== Available data
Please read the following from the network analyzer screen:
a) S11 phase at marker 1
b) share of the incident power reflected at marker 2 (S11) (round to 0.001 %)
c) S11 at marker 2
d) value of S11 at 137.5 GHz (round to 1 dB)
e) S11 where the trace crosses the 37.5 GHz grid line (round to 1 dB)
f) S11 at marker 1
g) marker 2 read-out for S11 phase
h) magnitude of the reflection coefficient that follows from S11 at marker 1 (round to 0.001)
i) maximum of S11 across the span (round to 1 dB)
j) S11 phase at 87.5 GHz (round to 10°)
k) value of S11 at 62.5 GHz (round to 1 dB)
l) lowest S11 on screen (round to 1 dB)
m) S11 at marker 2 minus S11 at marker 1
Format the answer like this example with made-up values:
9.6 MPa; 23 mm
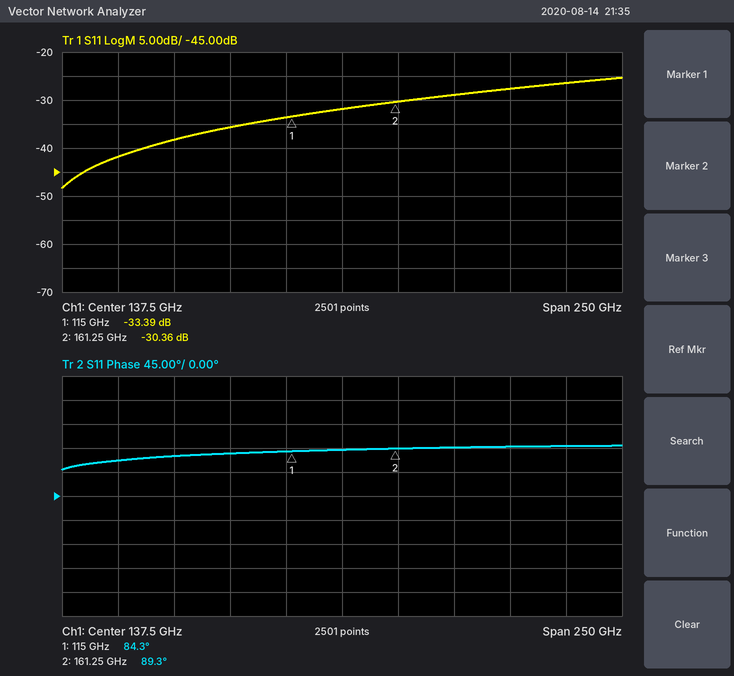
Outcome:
84.3°; 0.092 %; -30.36 dB; -32 dB; -42 dB; -33.39 dB; 89.3°; 0.021; -25 dB; 80°; -38 dB; -48 dB; 3.03 dB
====
Task item
Reproduce only the lines above spanning from the line containing "a) S11 phase at marker 1" through the line containing "9.6 MPa; 23 mm", word for word.

Exercise response
a) S11 phase at marker 1
b) share of the incident power reflected at marker 2 (S11) (round to 0.001 %)
c) S11 at marker 2
d) value of S11 at 137.5 GHz (round to 1 dB)
e) S11 where the trace crosses the 37.5 GHz grid line (round to 1 dB)
f) S11 at marker 1
g) marker 2 read-out for S11 phase
h) magnitude of the reflection coefficient that follows from S11 at marker 1 (round to 0.001)
i) maximum of S11 across the span (round to 1 dB)
j) S11 phase at 87.5 GHz (round to 10°)
k) value of S11 at 62.5 GHz (round to 1 dB)
l) lowest S11 on screen (round to 1 dB)
m) S11 at marker 2 minus S11 at marker 1
Format the answer like this example with made-up values:
9.6 MPa; 23 mm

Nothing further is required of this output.